Things that could have been frustrating about our trip: the fact that we had to buy a $150 visa to go to Brazil after accidentally buying airplane tickets there, my being sick for one of our two full days there, missing the bird park/Brazilian falls due to this illness, it pouring rain the one day I did go to the waterfalls, and the “natural thermal springs” being swimming pools in a trailer park.

But you know what? This was the best trip ever.

One of the top reasons this trip was so wonderful is that it turns out that Brazil is incredible. Even without going to any of the cities that would probably be better to visit in Brazil — like the pretty beach towns or a famous city like Rio de Janeiro or São Paulo — I could still tell that this is a great county that I want to come back to. One of the first things my friend and I noticed upon arrival is that Brazilian men don’t give piropos (the remarks you always get walking down the street in BA). It was a breath of fresh air. We talked to the bartender at our hostel about it, and he was saying that Brazilian men think porteños are ridiculous in how aggressive they are with females. I don’t know how true this is, but he asserted that machismo doesn’t exist in Brazil, which I’m surprisingly liable to believe. The difference in how men treated you there was almost tangible; the most striking example was that almost as soon as we’d crossed back into Argentina for a day trip, some guy calls out, “¡Qué lindas!” (How pretty!) to our group of poncho-clad female tourists. Really?! It’s so constant in Argentina that I’d almost forgotten it bothered me.

Also, turns out the rest of South America really dislikes Argentines because they’re perceived to be very snooty and racist. We had a really interesting talk with the bartender (he was very chatty) about race in Brazil, and although I think it’s true that there’s a little bit of prejudice in Brazil, for the most part, they are exceptionally open about race. Brazilians, almost more than any other nation in the world, can look like anything — of African, European, Asian, or indigenous descent. But much more so than in Argentina, it seems, they don’t identify as “European” or “African” or anything: just “Brazilian.” And there appeared to be much less of a correlation in Brazil between skin color and class. It was refreshing.

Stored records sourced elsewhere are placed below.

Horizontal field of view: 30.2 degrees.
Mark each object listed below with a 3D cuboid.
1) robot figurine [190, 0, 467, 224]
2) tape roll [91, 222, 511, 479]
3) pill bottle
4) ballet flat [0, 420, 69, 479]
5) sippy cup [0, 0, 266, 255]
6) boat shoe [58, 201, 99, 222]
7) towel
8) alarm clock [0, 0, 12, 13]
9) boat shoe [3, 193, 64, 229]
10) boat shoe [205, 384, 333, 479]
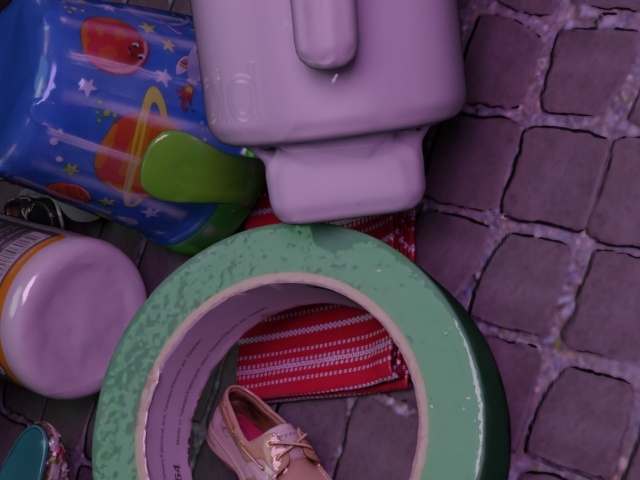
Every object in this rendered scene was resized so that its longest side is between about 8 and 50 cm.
[{"bbox_3d":[0.001,-0.194,0.890,0.300,0.199,0.354,-118,21,-82],"label":"robot figurine"},{"bbox_3d":[-0.020,0.148,0.907,0.321,0.077,0.321,-7,72,21],"label":"tape roll"},{"bbox_3d":[-0.318,0.057,1.220,0.278,0.162,0.162,12,85,45],"label":"pill bottle"},{"bbox_3d":[-0.298,0.296,1.183,0.091,0.077,0.241,22,90,43],"label":"ballet flat"},{"bbox_3d":[-0.190,-0.120,1.091,0.305,0.224,0.240,-19,64,49],"label":"sippy cup"},{"bbox_3d":[-0.256,-0.124,1.291,0.070,0.077,0.219,150,119,-72],"label":"boat shoe"},{"bbox_3d":[0.000,0.000,1.035,0.199,0.031,0.275,-12,69,41],"label":"towel"},{"bbox_3d":[-0.321,-0.315,1.373,0.064,0.129,0.192,-10,49,43],"label":"alarm clock"},{"bbox_3d":[-0.316,-0.029,1.308,0.125,0.038,0.046,20,119,57],"label":"boat shoe"},{"bbox_3d":[-0.037,0.176,0.981,0.170,0.063,0.059,32,118,42],"label":"boat shoe"}]

I also learned a bit about Brazilian politics and economics, and about their famed President Lula, who is basically known for making Brazil into one of the most robust economies in the world while simultaneously ignoring United States’ pressure for neoliberal policies. He left office with an approval rating of over 80%. Over 80%. And then the bartender was telling us how Brazil is just on fire; everyone, he said, has one or two jobs, poverty is lessening dramatically, and all around you things are being built, created, opened, etc. One important lesson I got out of this is: Portuguese would be a really, really useful language to learn.

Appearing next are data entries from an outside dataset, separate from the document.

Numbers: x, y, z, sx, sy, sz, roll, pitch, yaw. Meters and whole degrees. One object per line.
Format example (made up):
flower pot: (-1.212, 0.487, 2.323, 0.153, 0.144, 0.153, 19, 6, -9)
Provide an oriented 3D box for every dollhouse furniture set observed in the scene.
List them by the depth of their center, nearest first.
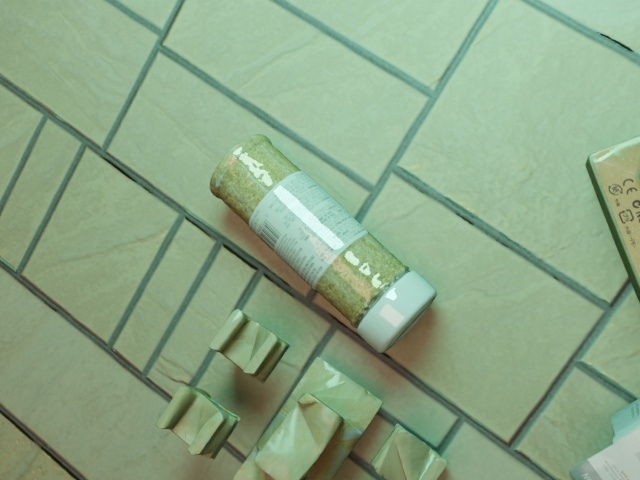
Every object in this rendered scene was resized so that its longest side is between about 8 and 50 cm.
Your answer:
dollhouse furniture set: (-0.065, 0.371, 1.196, 0.362, 0.256, 0.394, 33, 82, 14)

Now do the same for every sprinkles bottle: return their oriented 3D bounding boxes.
sprinkles bottle: (0.000, 0.000, 1.162, 0.355, 0.121, 0.121, 43, 106, 13)

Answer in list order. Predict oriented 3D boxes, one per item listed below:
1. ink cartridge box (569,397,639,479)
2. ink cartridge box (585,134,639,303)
ink cartridge box: (0.508, 0.324, 0.993, 0.272, 0.130, 0.309, -38, 80, 18)
ink cartridge box: (0.404, -0.006, 0.977, 0.088, 0.193, 0.234, -22, 86, 18)
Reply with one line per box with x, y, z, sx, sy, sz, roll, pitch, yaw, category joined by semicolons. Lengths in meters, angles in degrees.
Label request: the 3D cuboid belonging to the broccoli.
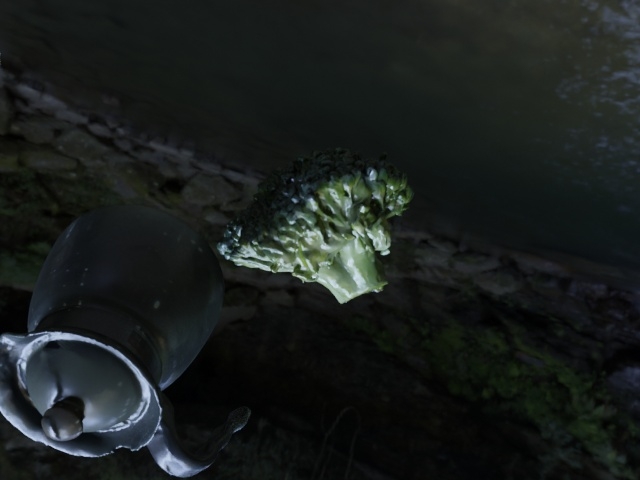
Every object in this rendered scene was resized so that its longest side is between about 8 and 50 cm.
0.000;0.000;0.973;0.245;0.248;0.288;58;154;-6;broccoli

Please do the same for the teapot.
-0.235;0.146;0.787;0.223;0.305;0.285;-9;-151;12;teapot

Plus, we got to practice our Spanish a lot! All these conversations with the bartender were in Spanish (most Brazilians can speak at least a little) and we found that we could understand a bit of Portuguese! Depending on whether or not they spoke slowly or used hand gestures, our understanding was usually about one quarter to about one half of what they said, which was pretty exciting given I’ve never heard it before. I think that if I improve my Spanish for a little while longer (it can mess up your Spanish to try to learn Portuguese simultaneously if you’re not very solidly fluent), Portuguese won’t be very hard to learn at all. In fact, in the “Accelerated Portuguese for Spanish Speakers” class at Middlebury, they speak Portuguese from day 1 in Portuguese 101, and you’re expected to understand and pick it up! Very seriously considering taking that class senior year.

The falls were amazing. The fact that it was pouring monsoon-levels of rain the day we did an all-day tour of the falls actually turned out to be kind of cool because it created this really cool misty jungle-y feel the entire time as we walked in between the falls through the forest. And I don’t know if it was even more amplified by the amount of recent rainfall, but either way, the quantity of water in the falls was just mind-boggling. I guess pictures will probably to this more justice (but not as much as they should…), but basically, the falls are just utterly breathtaking and awe-inspiring. I would go back in a heartbeat.

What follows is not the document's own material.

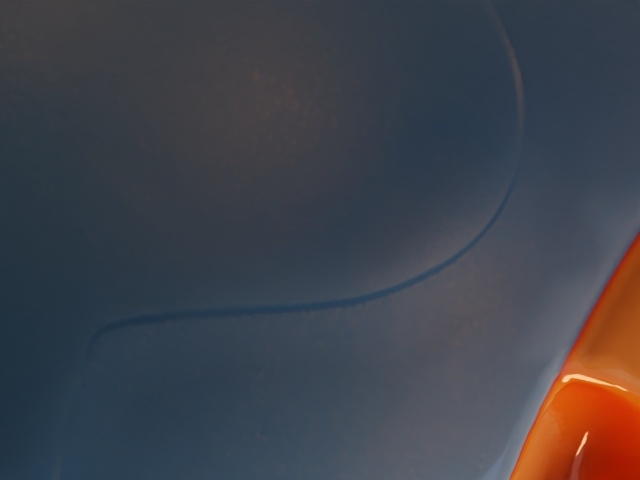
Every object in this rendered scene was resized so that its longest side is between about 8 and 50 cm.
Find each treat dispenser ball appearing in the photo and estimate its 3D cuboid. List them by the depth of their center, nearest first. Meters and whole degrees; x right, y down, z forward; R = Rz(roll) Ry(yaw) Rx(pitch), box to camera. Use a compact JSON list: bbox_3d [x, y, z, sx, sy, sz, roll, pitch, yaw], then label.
[{"bbox_3d":[0.000,0.000,0.470,0.288,0.288,0.288,-30,164,-10],"label":"treat dispenser ball"}]

I can't even explain how incredible this was to stand next to. Too beautiful.

We loved the food. I can’t think of anything that’s actually very Argentine other than pizza, empanadas, steak, and facturas (pastries). I was extremely excited to eat some new things, especially given my host family’s aforementioned daily carboload. So one night we went to this all-you-can-eat Brazilian steakhouse and buffet and found that Brazilian meat is just as delectable as the Argentine stuff! And they also have lots of cool fruit, many more flavors, more ethnic food (Arabic food in town was to die for), and in general a greater variety of options. My taste buds love Brazil.

South American backpackers again deliver on being the best. I can’t get over how cool all the people we meet in hostels are. First, they have the most interesting stories, and are pretty universally friendly and DTP. Second, I haven’t met a person yet who wasn’t travelling for multiple months; Australians and Europeans have this thing about travelling for huge blocks of time, and don’t understand why Americans only travel in two-week blocks because, “It takes at least 3 weeks to really get into the swing of things,” an Englishman who had been travelling for 5 months explained to me. To be honest, I can’t understand it now, either. I am already thinking that I’ll need at the very least 4 months to do and see all I want to do in South America, and I’m really impressed by how all these people manage it financially. I get the sense that they are very good at saving money and travelling cheaply.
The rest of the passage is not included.